LIS achieves this bound by linking the candidate subsequences, but with palindromes it's harder because what matters here is not the previous element in the subsequence, but the first. Does anyone know if is possible to do it, or are the previous solutions memory optimal?
Here is a very memory efficient version. But I haven't demonstrated that it is always O(n) memory. (With a preprocessing step it can better than O(n2) CPU, though O(n2) is the worst case.)
Start from the left-most position. For each position, keep track of a table of the farthest out points at which you can generate reflected subsequences of length 1, 2, 3, etc. (Meaning that a subsequence to the left of our point is reflected to the right.) For each reflected subsequence we store a pointer to the next part of the subsequence.
As we work our way right, we search from the RHS of the string to the position for any occurrences of the current element, and try to use those matches to improve the bounds we previously had. When we finish, we look at the longest mirrored subsequence and we can easily construct the best palindrome.
Let's consider this for character.
We start with our best palindrome being the letter 'c', and our mirrored subsequence being reached with the pair (0, 11) which are off the ends of the string.
Next consider the 'c' at position 1. Our best mirrored subsequences in the form (length, end, start) are now [(0, 11, 0), (1, 6, 1)]. (I'll leave out the linked list you need to generate to actually find the palindrome.
Next consider the h at position 2. We do not improve the bounds [(0, 11, 0), (1, 6, 1)].
Next consider the a at position 3. We improve the bounds to [(0, 11, 0), (1, 6, 1), (2, 5, 3)].
Next consider the r at position 4. We improve the bounds to [(0, 11, 0), (1, 10, 4), (2, 5, 3)]. (This is where the linked list would be useful.
Working through the rest of the list we do not improve that set of bounds.
So we wind up with the longest mirrored list is of length 2. And we'd follow the linked list (that I didn't record in this description to find it is ac. Since the ends of that list are at positions (5, 3) we can flip the list, insert character 4, then append the list to get carac.
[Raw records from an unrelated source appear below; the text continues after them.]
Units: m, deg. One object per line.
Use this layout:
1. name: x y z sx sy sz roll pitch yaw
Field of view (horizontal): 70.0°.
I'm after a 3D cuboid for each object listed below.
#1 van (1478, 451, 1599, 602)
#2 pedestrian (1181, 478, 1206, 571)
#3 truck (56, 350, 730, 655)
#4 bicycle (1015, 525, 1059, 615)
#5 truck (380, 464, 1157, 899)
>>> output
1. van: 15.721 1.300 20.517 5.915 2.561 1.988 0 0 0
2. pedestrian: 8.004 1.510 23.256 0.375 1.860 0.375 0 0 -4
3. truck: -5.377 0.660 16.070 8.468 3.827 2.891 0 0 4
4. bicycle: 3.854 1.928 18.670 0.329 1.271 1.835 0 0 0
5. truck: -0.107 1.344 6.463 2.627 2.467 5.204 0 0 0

In general the maximum memory that it will require is to store all of the lengths of the maximal mirrored subsequences plus the memory to store the linked lists of said subsequences. Typically this will be a very small amount of memory.
At a classic memory/CPU tradeoff you can preprocess the list once in time O(n) to generate a O(n) sized hash of arrays of where specific sequence elements appear. This can let you scan for "improve mirrored subsequence with this pairing" without having to consider the whole string, which should generally be a major saving on CPU for longer strings.
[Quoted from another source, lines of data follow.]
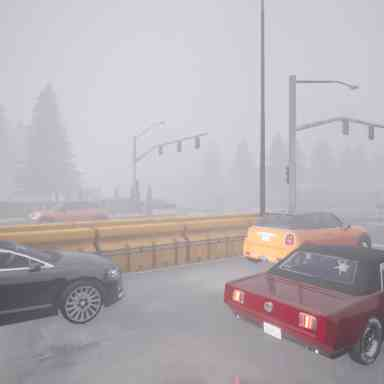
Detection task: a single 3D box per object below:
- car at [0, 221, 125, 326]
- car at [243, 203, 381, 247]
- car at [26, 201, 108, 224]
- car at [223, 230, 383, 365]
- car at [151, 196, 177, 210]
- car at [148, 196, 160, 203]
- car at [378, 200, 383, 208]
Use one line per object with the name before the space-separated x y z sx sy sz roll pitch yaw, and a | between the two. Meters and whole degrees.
car | -3.560 1.492 5.498 4.902 1.511 2.128 0 0 -36
car | 3.854 1.352 10.803 4.553 1.767 2.097 0 0 -36
car | -7.509 1.351 20.115 4.553 1.767 2.097 0 0 -35
car | 2.904 1.601 5.823 4.718 1.301 1.895 0 0 -36
car | -4.070 1.547 43.675 2.033 1.411 5.357 0 0 -36
car | -7.972 1.514 70.211 2.033 1.411 5.357 0 0 -2
car | 26.720 1.547 44.591 5.357 1.411 2.033 0 0 -36
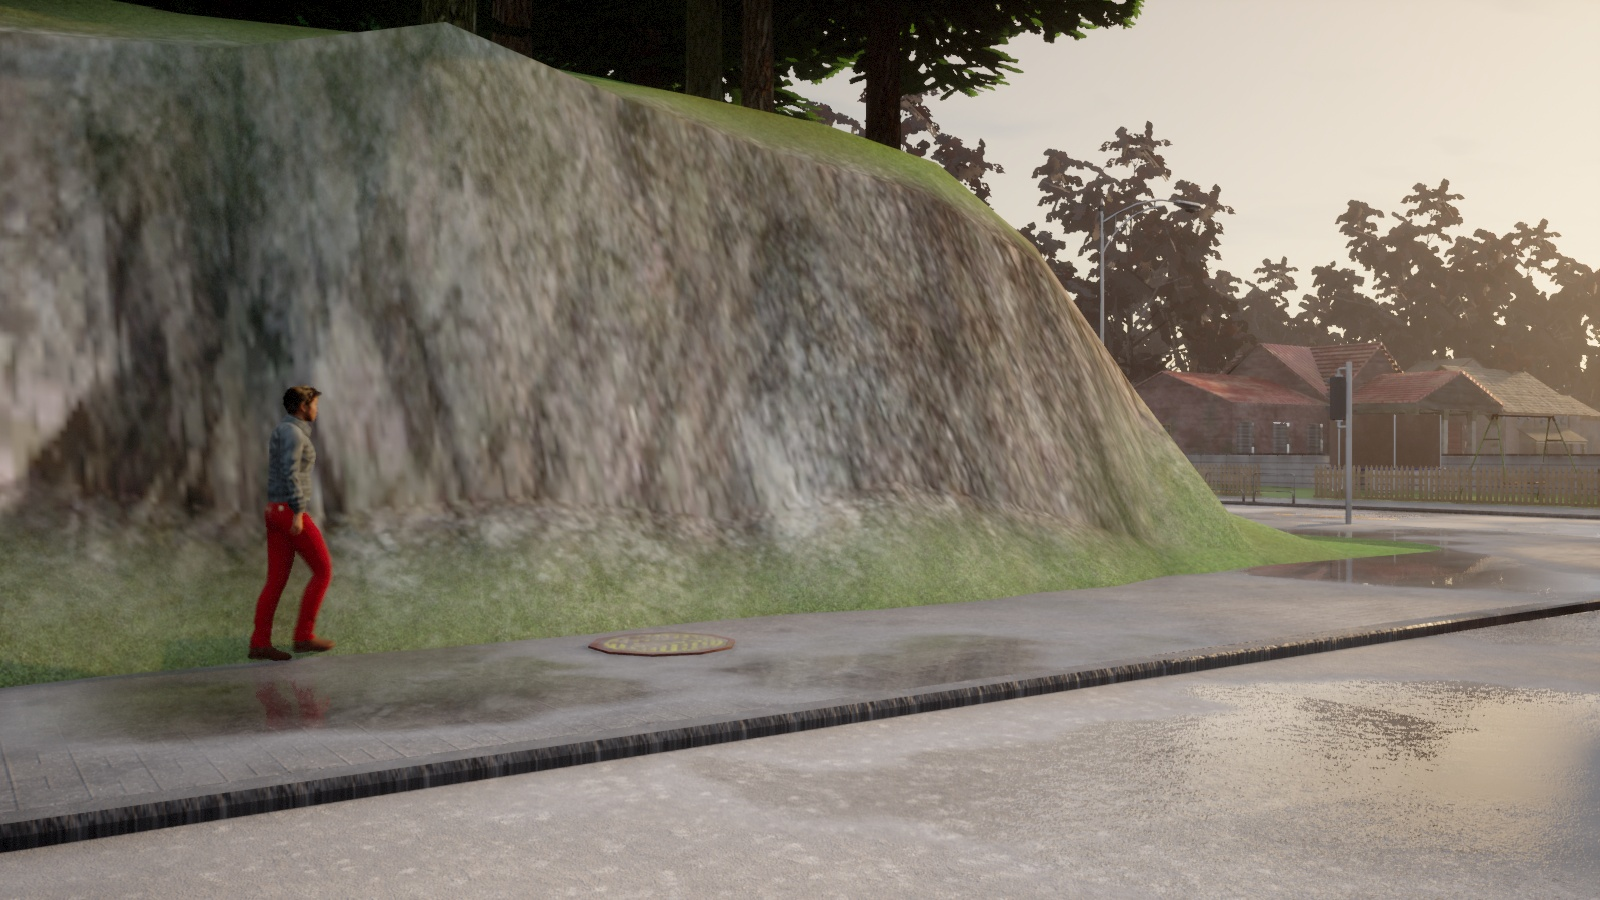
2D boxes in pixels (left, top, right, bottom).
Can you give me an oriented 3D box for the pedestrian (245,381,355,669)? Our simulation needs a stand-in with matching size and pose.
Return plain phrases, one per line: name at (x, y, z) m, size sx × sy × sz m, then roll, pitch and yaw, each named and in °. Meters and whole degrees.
pedestrian at (-3.332, 0.482, 8.371) m, size 0.614 × 1.847 × 0.353 m, roll 0°, pitch 0°, yaw -35°

First solution in #Luiz Rodrigo's question is wrong: Longest Common Subsesquence (LCS) of a string and its reverse is not necessarily a palindrome.
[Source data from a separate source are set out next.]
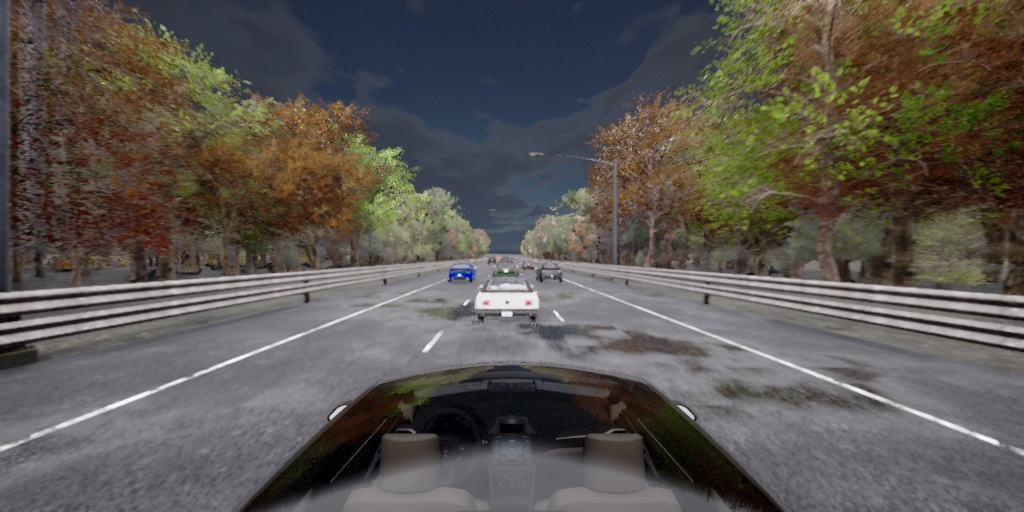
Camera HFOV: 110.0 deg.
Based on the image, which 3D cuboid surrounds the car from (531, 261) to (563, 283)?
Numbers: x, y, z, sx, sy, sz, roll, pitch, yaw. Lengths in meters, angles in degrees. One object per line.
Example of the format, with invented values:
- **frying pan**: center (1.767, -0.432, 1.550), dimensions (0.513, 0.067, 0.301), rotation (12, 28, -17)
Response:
- **car**: center (2.998, 1.339, 29.687), dimensions (2.128, 1.511, 4.902), rotation (0, 0, -1)

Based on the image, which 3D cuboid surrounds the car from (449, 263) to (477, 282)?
- **car**: center (-4.001, 1.305, 29.568), dimensions (1.882, 1.535, 5.008), rotation (0, 0, -1)

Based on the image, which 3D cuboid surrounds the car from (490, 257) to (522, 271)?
- **car**: center (-0.498, 1.188, 29.516), dimensions (2.097, 1.767, 4.553), rotation (0, 0, -1)

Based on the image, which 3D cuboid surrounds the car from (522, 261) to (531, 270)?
- **car**: center (2.486, 1.463, 56.738), dimensions (2.033, 1.411, 5.357), rotation (0, 0, -1)

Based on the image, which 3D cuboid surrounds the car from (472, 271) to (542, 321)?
- **car**: center (-0.178, 1.386, 12.519), dimensions (1.895, 1.301, 4.718), rotation (0, 0, -1)
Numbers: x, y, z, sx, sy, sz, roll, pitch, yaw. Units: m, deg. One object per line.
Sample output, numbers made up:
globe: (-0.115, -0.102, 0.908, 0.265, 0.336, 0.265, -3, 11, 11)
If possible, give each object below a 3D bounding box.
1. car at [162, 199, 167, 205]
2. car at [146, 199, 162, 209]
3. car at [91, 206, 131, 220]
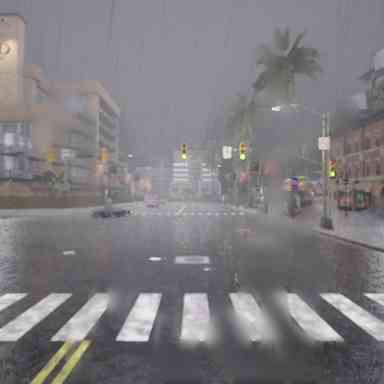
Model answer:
car: (-7.219, 2.572, 83.850, 1.837, 1.490, 4.892, 0, -1, -4)
car: (-7.002, 2.342, 60.063, 1.994, 1.385, 4.181, 0, 0, 0)
car: (-7.844, 2.033, 32.558, 1.895, 1.301, 4.718, 0, -1, 16)
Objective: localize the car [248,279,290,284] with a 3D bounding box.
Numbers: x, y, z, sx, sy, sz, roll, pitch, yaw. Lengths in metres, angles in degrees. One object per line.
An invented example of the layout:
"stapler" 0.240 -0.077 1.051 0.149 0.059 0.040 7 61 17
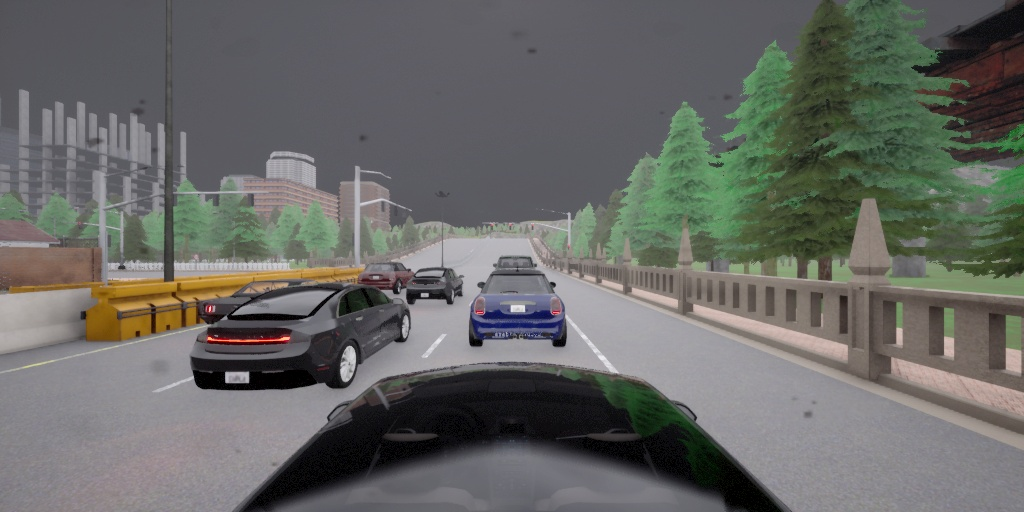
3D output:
"car" -6.860 1.351 11.172 1.895 1.301 4.718 0 0 0

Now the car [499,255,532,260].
"car" 0.169 0.972 18.982 2.150 2.045 5.566 0 0 0

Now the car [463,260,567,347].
"car" 0.129 1.102 9.492 2.097 1.767 4.553 0 0 0

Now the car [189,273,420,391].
"car" -3.381 1.255 6.854 1.837 1.490 4.892 0 0 0

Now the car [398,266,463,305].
"car" -3.342 1.255 16.175 1.837 1.490 4.892 0 0 0

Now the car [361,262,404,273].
"car" -6.873 1.102 20.165 2.097 1.767 4.553 0 0 -1
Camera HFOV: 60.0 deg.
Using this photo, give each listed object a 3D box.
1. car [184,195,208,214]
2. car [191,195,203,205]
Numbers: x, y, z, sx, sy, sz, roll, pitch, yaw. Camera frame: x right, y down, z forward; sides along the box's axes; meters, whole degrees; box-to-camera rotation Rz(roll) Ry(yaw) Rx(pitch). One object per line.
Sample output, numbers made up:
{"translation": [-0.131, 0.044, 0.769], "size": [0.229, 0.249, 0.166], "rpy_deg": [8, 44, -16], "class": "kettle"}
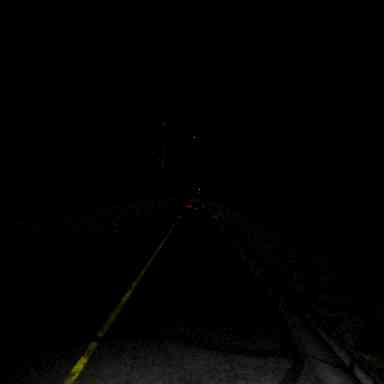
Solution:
{"translation": [0.362, 1.196, 26.059], "size": [2.163, 1.488, 4.792], "rpy_deg": [0, 0, 1], "class": "car"}
{"translation": [0.748, 1.202, 52.641], "size": [1.837, 1.490, 4.892], "rpy_deg": [0, 0, 1], "class": "car"}
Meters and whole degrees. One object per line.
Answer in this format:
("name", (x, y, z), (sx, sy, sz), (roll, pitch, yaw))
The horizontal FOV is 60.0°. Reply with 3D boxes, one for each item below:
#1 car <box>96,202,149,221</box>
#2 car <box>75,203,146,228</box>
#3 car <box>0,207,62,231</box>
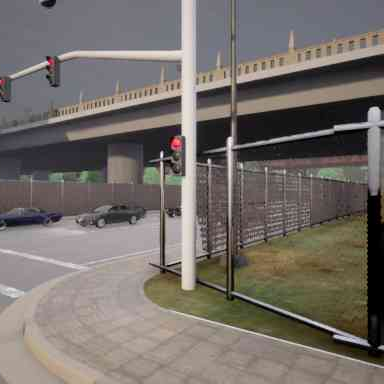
("car", (-5.867, 1.619, 28.517), (1.994, 1.385, 4.181), (0, 0, 36))
("car", (-5.630, 1.560, 22.794), (1.837, 1.490, 4.892), (0, 0, 35))
("car", (-10.991, 1.656, 21.344), (1.895, 1.301, 4.718), (0, 0, 37))
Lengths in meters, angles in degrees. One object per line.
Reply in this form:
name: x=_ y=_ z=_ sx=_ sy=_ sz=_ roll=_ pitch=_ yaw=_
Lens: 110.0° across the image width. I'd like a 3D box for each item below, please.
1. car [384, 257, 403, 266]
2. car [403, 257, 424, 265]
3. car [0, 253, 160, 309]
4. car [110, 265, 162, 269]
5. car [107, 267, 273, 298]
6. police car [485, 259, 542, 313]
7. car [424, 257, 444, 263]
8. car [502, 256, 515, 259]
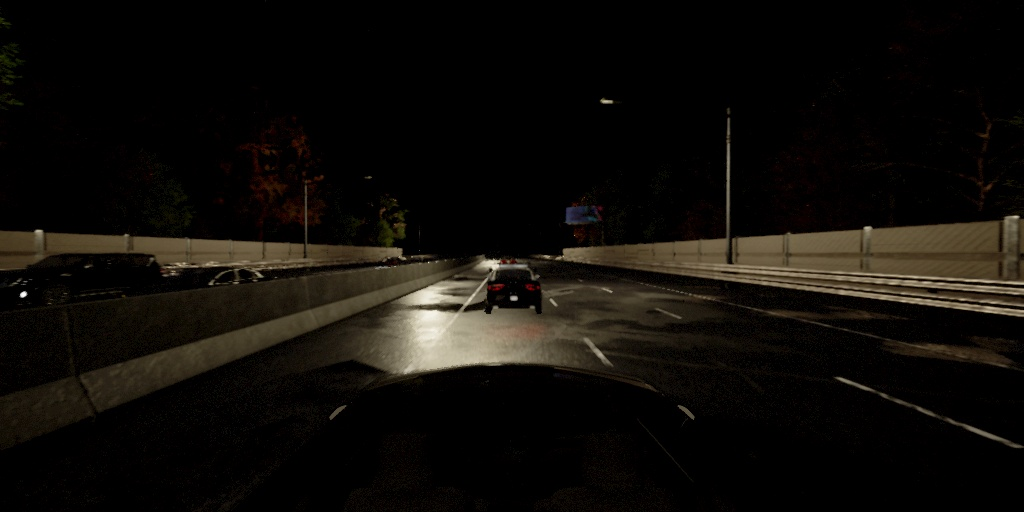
car: x=-18.417 y=0.889 z=56.069 sx=1.994 sy=1.385 sz=4.181 roll=0 pitch=1 yaw=-1
car: x=-14.921 y=0.870 z=56.259 sx=2.033 sy=1.411 sz=5.357 roll=0 pitch=0 yaw=-1
car: x=-17.662 y=0.879 z=14.801 sx=2.150 sy=2.045 sz=5.566 roll=0 pitch=0 yaw=0
car: x=-14.168 y=1.209 z=15.691 sx=1.994 sy=1.385 sz=4.181 roll=0 pitch=0 yaw=0
car: x=-10.647 y=1.172 z=12.737 sx=1.837 sy=1.490 sz=4.892 roll=0 pitch=0 yaw=0
police car: x=0.044 y=1.081 z=13.633 sx=1.930 sy=1.638 sz=5.238 roll=0 pitch=0 yaw=0
car: x=-11.370 y=0.903 z=53.969 sx=1.994 sy=1.385 sz=4.181 roll=0 pitch=1 yaw=-1
car: x=-0.433 y=0.771 z=43.465 sx=2.097 sy=1.767 sz=4.553 roll=0 pitch=0 yaw=-1

Example: for string CBACB, CAB is LCS of the string and its reverse and it's obviously not a palindrome.
There is a way, however, to make it work. After LCS of a string and its reverse is built, take left half of it (including mid-character for odd-length strings) and complement it on the right with reversed left half (not including mid-character if length of the string is odd).
It will obviously be a palindrome and it can be trivially proven that it will be a subsequence of the string.
For above LCS, the palindrome built this way will be CAC.